On 12/14/22 11:49 PM, Hao Sun wrote:
Hi,
The following KASAN report can be triggered by loading and test
running this simple BPF prog with a random data/ctx:
0: r0 = bpf_get_current_task_btf ;
R0_w=trusted_ptr_task_struct(off=0,imm=0)
1: r0 = *(u32 *)(r0 +8192) ;
R0_w=scalar(umax=4294967295,var_off=(0x0; 0xffffffff))
2: exit
I've simplified the C reproducer but didn't find the root cause.
JIT was disabled, and the interpreter triggered UAF when executing
the load insn. A slab-out-of-bound read can also be triggered:
https://pastebin.com/raw/g9zXr8jU
This can be reproduced on:
HEAD commit: b148c8b9b926 selftests/bpf: Add few corner cases to test
padding handling of btf_dump
git tree: bpf-next
console log: https://pastebin.com/raw/1EUi9tJe
kernel config: https://pastebin.com/raw/rgY3AJDZ
C reproducer: https://pastebin.com/raw/cfVGuCBm

I I tried with your above kernel config and C reproducer and cannot reproduce the kasan issue you reported.

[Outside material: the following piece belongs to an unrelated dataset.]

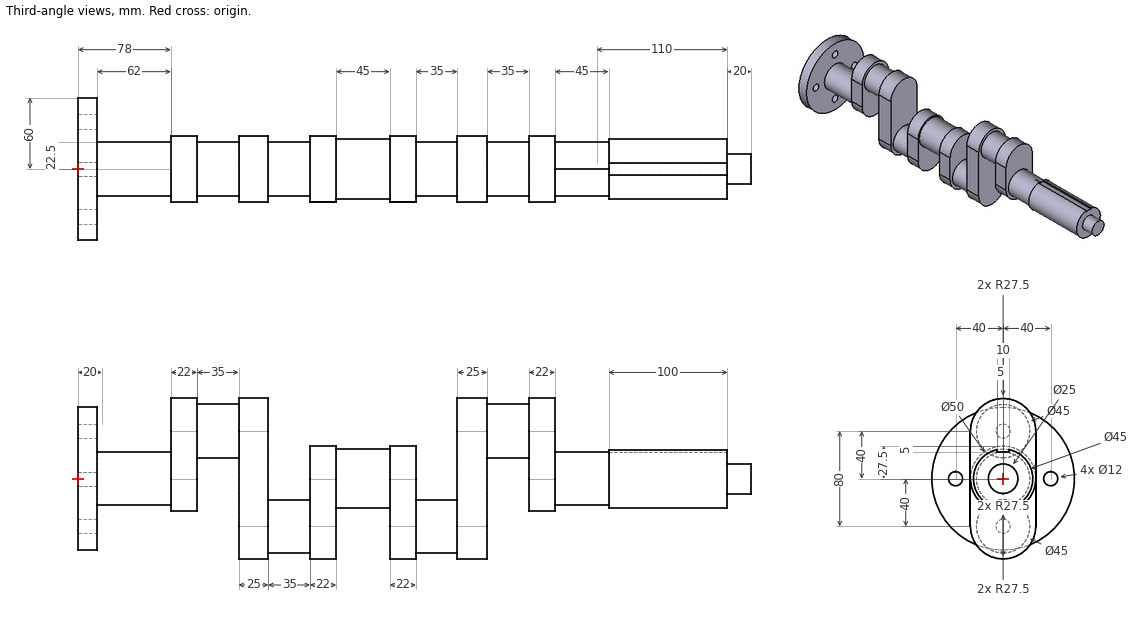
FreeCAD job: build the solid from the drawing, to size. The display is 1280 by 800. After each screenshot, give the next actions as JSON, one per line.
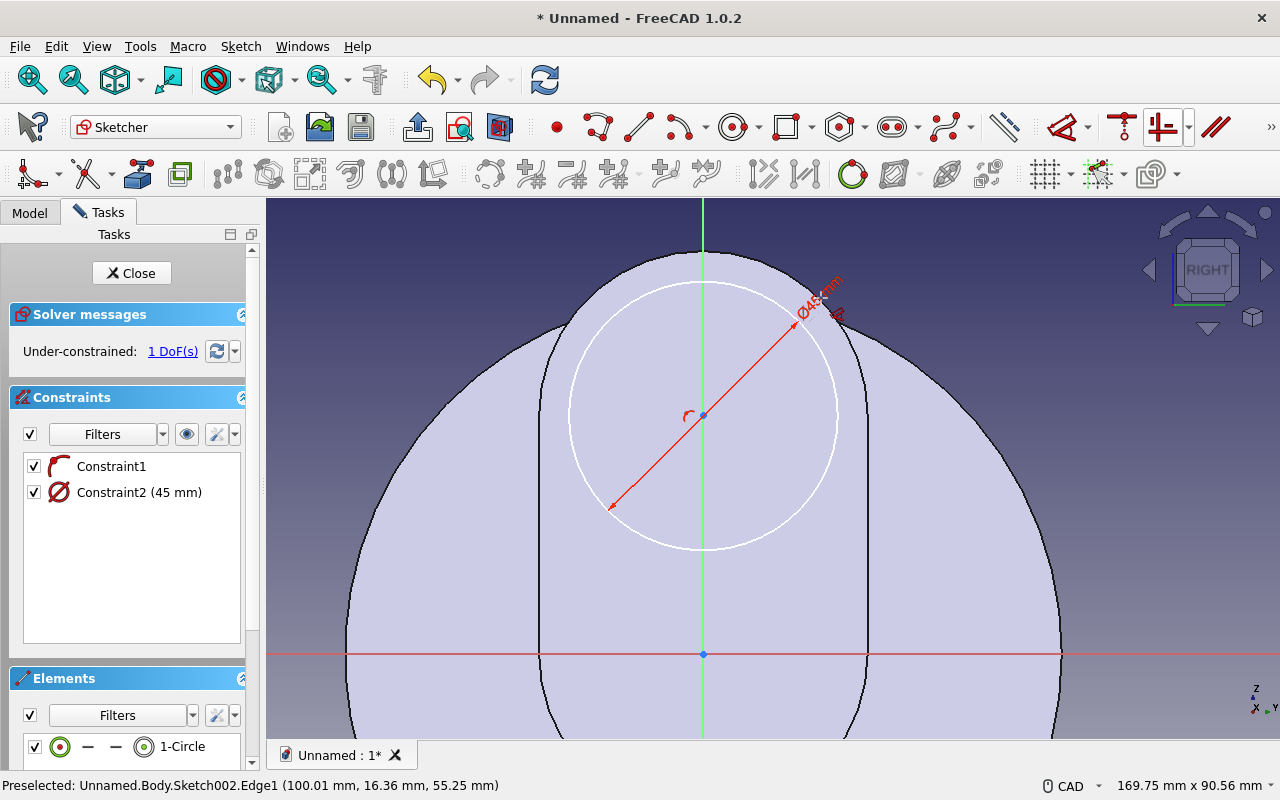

[root@arch-fb-vm1 bpf-next]# ./a.out
func#0 @0
0: R1=ctx(off=0,imm=0) R10=fp0
0: (85) call bpf_get_current_task_btf#158 ; R0_w=trusted_ptr_task_struct(off=0,imm=0)
1: (61) r0 = *(u32 *)(r0 +8192) ; R0_w=scalar(umax=4294967295,var_off=(0x0; 0xffffffff))
2: (95) exit
processed 3 insns (limit 1000000) max_states_per_insn 0 total_states 0 peak_states 0 mark_read 0

prog fd: 3
[root@arch-fb-vm1 bpf-next]#

Your config indeed has kasan on.

Hi,

I can still reproduce this on a latest bpf-next build: 0e43662e61f25
(“tools/resolve_btfids: Use pkg-config to locate libelf”).
The simplified C reproducer sometime need to be run twice to trigger
the UAF. Also note that interpreter is required. Here is the original
C reproducer that loads and runs the BPF prog continuously for your
convenience:
https://pastebin.com/raw/WSJuNnVU


I still cannot reproduce with more than 10 runs. The config has jit off
so it already uses interpreter. It has kasan on as well.
# CONFIG_BPF_JIT is not set

Since you can reproduce it, I guess it would be great if you can
continue to debug this.


The load insn ‘r0 = *(u32*) (current + 8192)’ is OOB, because sizeof(task_struct)
is 7240 as shown in KASAN report. The issue is that struct task_struct is special,
its runtime size is actually smaller than it static type size. In X86:

task_struct->thread_struct->fpu->fpstate->union fpregs_state is
/*
* ...
* The size of the structure is determined by the largest
* member - which is the xsave area. The padding is there
* to ensure that statically-allocated task_structs (just
* the init_task today) have enough space.
*/
union fpregs_state {
struct fregs_state fsave;
struct fxregs_state fxsave;
struct swregs_state soft;
struct xregs_state xsave;
u8 __padding[PAGE_SIZE];
};

In btf_struct_access(), the resolved size for task_struct is 10496, much bigger
than its runtime size, so the prog in reproducer passed the verifier and leads
to the oob. This can happen to all similar types, whose runtime size is smaller
than its static size.

Not sure how many similar cases are there, maybe special check to task_struct
is enough. Any hint on how this should be addressed?

This should a corner case, I am not aware of other allocations like this.

For a normal program, if the access chain looks
like

task_struct->thread_struct->fpu->fpstate->fpregs_state->{fsave,fxsave, soft, xsave},
we should not hit this issue. So I think we don't need to address this
issue in kernel. The test itself should filter this out.